Lire leurs pages me procure un plaisir particulier, une expérience assez unique consistant à découvrir des personnes à travers la seule expression de leur pensée, à une époque où ceux qui pensent et s'expriment sont surexposés.Ces blogueurs dont je fais partie ne sont pas des gens perdus et atrocement seuls comme on voudrait bien les caricaturer.
Là où certains voient le net comme un espace pour narcissiques obsédés par leur image je vois au contraire un terrain d'expression où l'on peut se réfugier dans le confort de l'anonymat.
Idéaliste?
Assurément.
Je fais partie de ceux qui « trouvent ça super naze de mettre les gens dans des cases » (clin d'œil pour initiés (il faut connaitre le morceau pour l'apprécier) au titre « Catégorie Bukowsky » de Vincent Delerm, « fils de » Philippe).

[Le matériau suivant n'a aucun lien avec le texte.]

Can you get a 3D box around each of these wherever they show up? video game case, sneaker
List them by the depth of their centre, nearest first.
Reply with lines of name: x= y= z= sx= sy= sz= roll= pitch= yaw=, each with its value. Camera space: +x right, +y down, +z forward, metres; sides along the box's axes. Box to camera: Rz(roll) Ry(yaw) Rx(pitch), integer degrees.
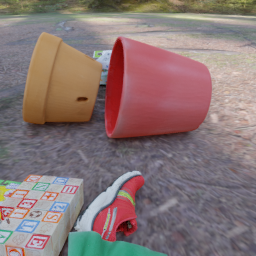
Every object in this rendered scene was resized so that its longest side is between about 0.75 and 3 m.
sneaker: x=-0.150 y=1.498 z=5.117 sx=0.890 sy=0.807 sz=2.097 roll=45 pitch=29 yaw=8
video game case: x=0.074 y=-2.356 z=10.704 sx=2.307 sy=0.278 sz=2.530 roll=15 pitch=21 yaw=-2

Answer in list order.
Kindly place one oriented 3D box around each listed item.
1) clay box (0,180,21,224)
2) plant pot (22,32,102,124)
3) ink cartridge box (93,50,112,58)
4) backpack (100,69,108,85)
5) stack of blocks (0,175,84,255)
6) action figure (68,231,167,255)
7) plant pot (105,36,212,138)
clay box: x=-2.652 y=1.618 z=5.065 sx=1.015 sy=0.421 sz=1.767 roll=6 pitch=27 yaw=11
plant pot: x=-1.942 y=-1.309 z=8.706 sx=1.920 sy=2.743 sz=2.743 roll=14 pitch=25 yaw=-12
ink cartridge box: x=-0.638 y=-3.475 z=14.525 sx=2.220 sy=0.841 sz=1.641 roll=-2 pitch=27 yaw=-4
backpack: x=-1.185 y=-2.298 z=12.314 sx=1.065 sy=0.816 sz=0.936 roll=25 pitch=30 yaw=31
stack of blocks: x=-1.543 y=1.520 z=4.712 sx=1.112 sy=0.565 sz=1.930 roll=4 pitch=19 yaw=6
action figure: x=-0.297 y=2.459 z=3.097 sx=1.435 sy=0.664 sz=2.429 roll=11 pitch=37 yaw=1
plant pot: x=0.776 y=-0.991 z=7.956 sx=2.514 sy=2.842 sz=2.842 roll=5 pitch=26 yaw=-13
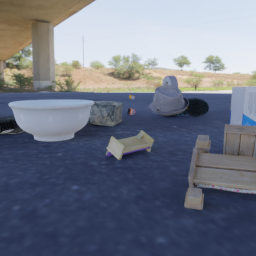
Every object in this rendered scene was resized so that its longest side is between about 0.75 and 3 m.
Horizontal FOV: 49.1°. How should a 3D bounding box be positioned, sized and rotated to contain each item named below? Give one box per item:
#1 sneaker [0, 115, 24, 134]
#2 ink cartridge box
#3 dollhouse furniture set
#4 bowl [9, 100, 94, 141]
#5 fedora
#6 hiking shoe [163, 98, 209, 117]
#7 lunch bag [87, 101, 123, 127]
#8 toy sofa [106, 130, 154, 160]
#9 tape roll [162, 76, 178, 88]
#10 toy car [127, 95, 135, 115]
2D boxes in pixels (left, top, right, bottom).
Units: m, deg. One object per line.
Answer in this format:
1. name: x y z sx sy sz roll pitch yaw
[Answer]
1. sneaker: -4.225 -0.057 9.303 1.902 0.632 0.861 -1 11 15
2. ink cartridge box: 4.337 -0.445 8.451 2.193 1.601 0.925 0 9 -4
3. dollhouse furniture set: 1.891 0.867 4.532 1.662 0.952 1.949 3 34 20
4. bowl: -2.320 -0.255 8.708 2.549 1.146 2.549 1 10 0
5. fedora: 1.302 -0.997 9.344 1.314 0.671 1.486 -23 31 -16
6. hiking shoe: 2.871 -1.106 14.535 2.581 0.960 1.119 -1 10 -7
7. lunch bag: -1.182 -0.648 11.645 1.705 1.002 1.398 6 10 9
8. toy sofa: 0.054 0.466 6.740 1.140 0.556 0.472 -9 38 -46
9. tape roll: 4.232 -4.065 28.242 0.789 2.389 2.389 -3 10 -14
10. toy car: 0.252 -1.247 15.208 0.410 1.232 0.604 11 -11 -12
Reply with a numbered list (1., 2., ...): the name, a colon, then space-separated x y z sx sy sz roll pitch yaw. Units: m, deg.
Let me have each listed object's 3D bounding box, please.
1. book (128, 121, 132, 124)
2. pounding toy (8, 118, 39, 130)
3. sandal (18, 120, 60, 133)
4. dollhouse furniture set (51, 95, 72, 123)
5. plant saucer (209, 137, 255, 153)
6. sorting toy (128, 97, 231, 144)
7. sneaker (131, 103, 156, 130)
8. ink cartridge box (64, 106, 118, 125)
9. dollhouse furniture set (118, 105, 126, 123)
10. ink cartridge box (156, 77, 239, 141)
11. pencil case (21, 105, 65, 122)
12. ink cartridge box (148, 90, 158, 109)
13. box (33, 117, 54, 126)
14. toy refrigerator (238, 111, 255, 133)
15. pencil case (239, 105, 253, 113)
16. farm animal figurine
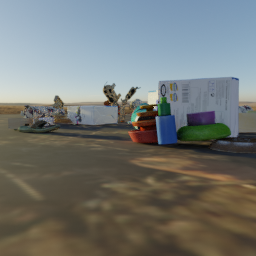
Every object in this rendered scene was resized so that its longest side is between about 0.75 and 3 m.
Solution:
1. book: 0.462 -0.245 14.055 0.795 0.191 0.531 6 9 38
2. pounding toy: -3.616 -0.139 10.068 0.973 0.445 0.855 2 4 24
3. sandal: -2.943 -0.065 9.200 1.426 0.407 0.566 1 4 9
4. dollhouse furniture set: -3.207 -0.937 13.975 0.833 1.022 0.972 3 -28 17
5. plant saucer: 2.150 0.305 5.322 1.185 0.190 1.185 0 5 0
6. sorting toy: 0.957 -0.186 5.854 2.191 0.899 1.316 -4 2 27
7. sneaker: 1.103 -0.331 9.527 2.303 0.963 1.391 -2 15 -21
8. ink cartridge box: -2.021 -0.680 14.481 2.761 0.937 1.590 4 6 45
9. dollhouse furniture set: -1.064 -0.849 16.809 1.897 0.988 1.917 2 4 33
10. ink cartridge box: 1.605 -0.492 7.174 2.217 1.513 0.846 2 4 31
11. pencil case: -4.963 -0.855 16.621 1.153 1.003 2.578 27 17 28
12. ink cartridge box: 2.027 -0.763 11.363 2.050 1.497 1.504 -1 5 -22
13. box: -3.873 -0.294 13.012 0.357 0.382 1.845 0 4 3
14. toy refrigerator: 3.446 -0.223 9.279 2.042 0.714 0.775 0 3 -6
15. pencil case: 5.196 -0.668 13.621 2.387 1.068 0.929 -5 -39 -42
16. farm animal figurine: -0.347 -1.555 16.459 2.440 1.971 1.227 11 28 10
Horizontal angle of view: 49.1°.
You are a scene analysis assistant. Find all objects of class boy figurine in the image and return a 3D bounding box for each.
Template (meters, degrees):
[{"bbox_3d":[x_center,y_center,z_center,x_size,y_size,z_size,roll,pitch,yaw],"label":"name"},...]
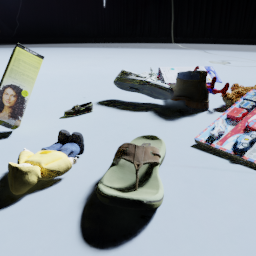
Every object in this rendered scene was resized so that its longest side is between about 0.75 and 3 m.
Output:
[{"bbox_3d":[-1.740,0.643,5.729,1.265,0.656,2.035,11,20,20],"label":"boy figurine"}]

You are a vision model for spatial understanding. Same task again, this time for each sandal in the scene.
[{"bbox_3d":[0.149,0.606,5.488,1.186,0.852,2.987,3,21,8],"label":"sandal"}]

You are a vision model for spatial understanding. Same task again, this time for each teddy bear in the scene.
[{"bbox_3d":[4.676,-1.232,10.512,2.528,0.844,1.833,-6,23,-14],"label":"teddy bear"}]

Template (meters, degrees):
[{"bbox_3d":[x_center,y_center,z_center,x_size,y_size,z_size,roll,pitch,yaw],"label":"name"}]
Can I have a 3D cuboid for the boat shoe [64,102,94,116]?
[{"bbox_3d":[-1.704,-0.657,9.645,1.135,0.342,0.405,-17,26,-38],"label":"boat shoe"}]

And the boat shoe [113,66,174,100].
[{"bbox_3d":[0.746,-1.921,11.189,2.645,1.128,0.977,16,-19,32],"label":"boat shoe"}]

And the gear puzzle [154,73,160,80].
[{"bbox_3d":[0.875,-2.985,15.908,2.728,0.357,1.413,-4,21,-11],"label":"gear puzzle"}]

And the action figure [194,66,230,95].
[{"bbox_3d":[3.114,-2.012,11.398,0.902,1.368,2.764,22,-2,-16],"label":"action figure"}]

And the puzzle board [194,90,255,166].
[{"bbox_3d":[3.427,-0.141,7.095,2.896,0.252,2.182,-35,37,-27],"label":"puzzle board"}]

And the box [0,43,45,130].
[{"bbox_3d":[-3.257,-1.206,8.157,0.898,2.386,0.598,23,-23,-31],"label":"box"}]

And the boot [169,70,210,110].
[{"bbox_3d":[2.306,-1.724,11.009,1.067,1.385,2.857,-8,22,-19],"label":"boot"}]

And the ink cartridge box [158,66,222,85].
[{"bbox_3d":[2.924,-2.377,13.431,2.722,0.571,1.624,-4,39,-4],"label":"ink cartridge box"}]

Mais au fond, Comme l'a si bien écrit Maude (au point d'ailleurs de presque me faire renoncer à ce billet tant j'avais la certitude en la lisant que tout était dit) celui qui écrit opère un savant mélange dans lequel il est ensuite bien difficile de le cerner.

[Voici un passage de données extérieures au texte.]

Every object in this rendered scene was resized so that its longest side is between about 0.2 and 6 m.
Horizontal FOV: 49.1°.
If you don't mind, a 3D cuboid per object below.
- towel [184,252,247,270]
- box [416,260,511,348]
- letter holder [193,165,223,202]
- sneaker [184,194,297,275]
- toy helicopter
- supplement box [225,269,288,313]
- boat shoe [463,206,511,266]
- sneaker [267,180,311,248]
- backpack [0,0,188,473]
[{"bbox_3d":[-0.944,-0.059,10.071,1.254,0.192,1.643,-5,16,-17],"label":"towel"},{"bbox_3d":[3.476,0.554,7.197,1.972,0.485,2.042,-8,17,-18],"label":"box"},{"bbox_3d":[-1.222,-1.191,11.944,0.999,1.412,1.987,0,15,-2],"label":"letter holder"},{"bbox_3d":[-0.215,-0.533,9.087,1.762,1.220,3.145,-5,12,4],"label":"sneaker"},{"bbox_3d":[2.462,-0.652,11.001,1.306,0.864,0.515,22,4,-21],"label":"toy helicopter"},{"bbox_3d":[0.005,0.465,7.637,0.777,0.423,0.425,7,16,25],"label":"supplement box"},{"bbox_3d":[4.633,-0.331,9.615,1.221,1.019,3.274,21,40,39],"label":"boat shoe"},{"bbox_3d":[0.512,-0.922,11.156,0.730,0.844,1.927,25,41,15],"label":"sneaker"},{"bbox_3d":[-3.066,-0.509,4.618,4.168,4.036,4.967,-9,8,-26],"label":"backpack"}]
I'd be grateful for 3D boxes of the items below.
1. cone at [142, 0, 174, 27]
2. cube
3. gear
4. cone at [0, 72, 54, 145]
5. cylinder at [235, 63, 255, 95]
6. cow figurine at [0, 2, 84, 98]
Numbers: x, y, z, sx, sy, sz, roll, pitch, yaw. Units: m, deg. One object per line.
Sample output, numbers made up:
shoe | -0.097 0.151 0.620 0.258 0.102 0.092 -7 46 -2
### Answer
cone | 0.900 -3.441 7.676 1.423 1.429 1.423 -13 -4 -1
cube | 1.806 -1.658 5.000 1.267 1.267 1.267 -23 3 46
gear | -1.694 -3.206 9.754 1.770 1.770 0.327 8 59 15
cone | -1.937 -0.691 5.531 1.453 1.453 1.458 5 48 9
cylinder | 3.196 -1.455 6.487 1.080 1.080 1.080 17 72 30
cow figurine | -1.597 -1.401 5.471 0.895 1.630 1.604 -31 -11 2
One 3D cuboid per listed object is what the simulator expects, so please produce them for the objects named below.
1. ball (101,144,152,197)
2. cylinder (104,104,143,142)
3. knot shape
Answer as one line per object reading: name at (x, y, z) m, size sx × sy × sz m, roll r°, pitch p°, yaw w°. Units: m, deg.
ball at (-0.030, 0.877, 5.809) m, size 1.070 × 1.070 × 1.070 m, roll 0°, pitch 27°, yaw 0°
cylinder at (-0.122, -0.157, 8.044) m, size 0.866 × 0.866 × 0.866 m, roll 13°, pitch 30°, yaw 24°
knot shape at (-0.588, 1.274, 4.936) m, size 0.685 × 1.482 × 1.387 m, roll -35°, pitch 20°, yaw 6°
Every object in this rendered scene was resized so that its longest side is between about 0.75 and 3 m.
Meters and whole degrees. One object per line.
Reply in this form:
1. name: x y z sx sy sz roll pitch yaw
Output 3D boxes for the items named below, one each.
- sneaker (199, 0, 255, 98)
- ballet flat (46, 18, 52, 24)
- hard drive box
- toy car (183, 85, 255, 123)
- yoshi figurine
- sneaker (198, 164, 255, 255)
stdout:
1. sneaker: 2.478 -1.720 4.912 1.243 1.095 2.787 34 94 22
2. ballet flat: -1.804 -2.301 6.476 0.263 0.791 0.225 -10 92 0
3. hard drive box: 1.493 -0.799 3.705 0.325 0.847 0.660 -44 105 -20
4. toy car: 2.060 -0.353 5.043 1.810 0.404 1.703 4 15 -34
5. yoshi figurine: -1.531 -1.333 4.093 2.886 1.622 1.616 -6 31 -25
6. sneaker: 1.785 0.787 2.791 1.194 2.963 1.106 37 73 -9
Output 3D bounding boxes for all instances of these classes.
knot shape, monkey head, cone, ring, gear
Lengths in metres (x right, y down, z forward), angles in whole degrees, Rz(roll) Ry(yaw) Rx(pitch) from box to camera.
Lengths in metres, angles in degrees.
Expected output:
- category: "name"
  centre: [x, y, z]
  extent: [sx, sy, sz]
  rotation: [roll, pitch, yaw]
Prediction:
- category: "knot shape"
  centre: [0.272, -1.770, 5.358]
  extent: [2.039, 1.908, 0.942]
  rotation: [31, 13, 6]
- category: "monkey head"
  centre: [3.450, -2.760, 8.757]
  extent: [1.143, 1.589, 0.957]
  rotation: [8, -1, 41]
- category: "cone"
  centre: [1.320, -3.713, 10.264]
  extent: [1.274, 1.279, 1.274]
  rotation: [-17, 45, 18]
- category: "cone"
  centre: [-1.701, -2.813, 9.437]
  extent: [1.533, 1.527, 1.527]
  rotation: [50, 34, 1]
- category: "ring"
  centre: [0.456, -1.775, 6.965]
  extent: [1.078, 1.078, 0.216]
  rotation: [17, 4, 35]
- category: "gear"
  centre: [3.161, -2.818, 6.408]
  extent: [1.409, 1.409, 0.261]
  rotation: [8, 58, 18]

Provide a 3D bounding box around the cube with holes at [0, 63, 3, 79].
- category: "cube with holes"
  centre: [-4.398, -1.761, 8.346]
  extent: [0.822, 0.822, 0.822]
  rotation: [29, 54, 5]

"Quel est celui que l'on prend pour moi?"
Aragon, le roman inachevé, 1956 -
"Qu'est ce qu'un journal? Un roman"
Audiberti, "Dimanche m'attend" 1965
Ces citations sont empruntées à F. Beigbeder qui les a dispatchées dans l'égoïste romantique où il tient un journal pas-tout-à-fait-inventé qu'il présente comme "un miroir déformant que je promène le long de mon nombril" (j'adore cette formule).
Moralité?
Pour vivre heureux, vivons cachés!
Vous l'aurez compris, je suis heureuse et fière de faire partie de cette communauté des diaristes et de jouer ce jeu du je en jonglant avec cette vérité-menteuse. (merci encore F. Beigbeder).
Dans "Quelque chose en lui de Bartleby", on retrouve le questionnement de celui qui écrit sur la difficulté à se livrer sans trop en dévoiler, à ne pas se mettre en danger en s'exposant sans voile au regard des autres.Le "héros" publie son blog, est reconnu (la gloire arrive avec une chronique radiophonique) et finit par abandonner ce petit espace de liberté qu'il s'était autorisé.Un peu comme un écrivain qui connait le succès, il sent que sa plume n'est plus automatique, qu'il écrit sous l'influence plus ou moins consciente de ce qu'attend son lectorat.
Il refuse de céder à cette pression.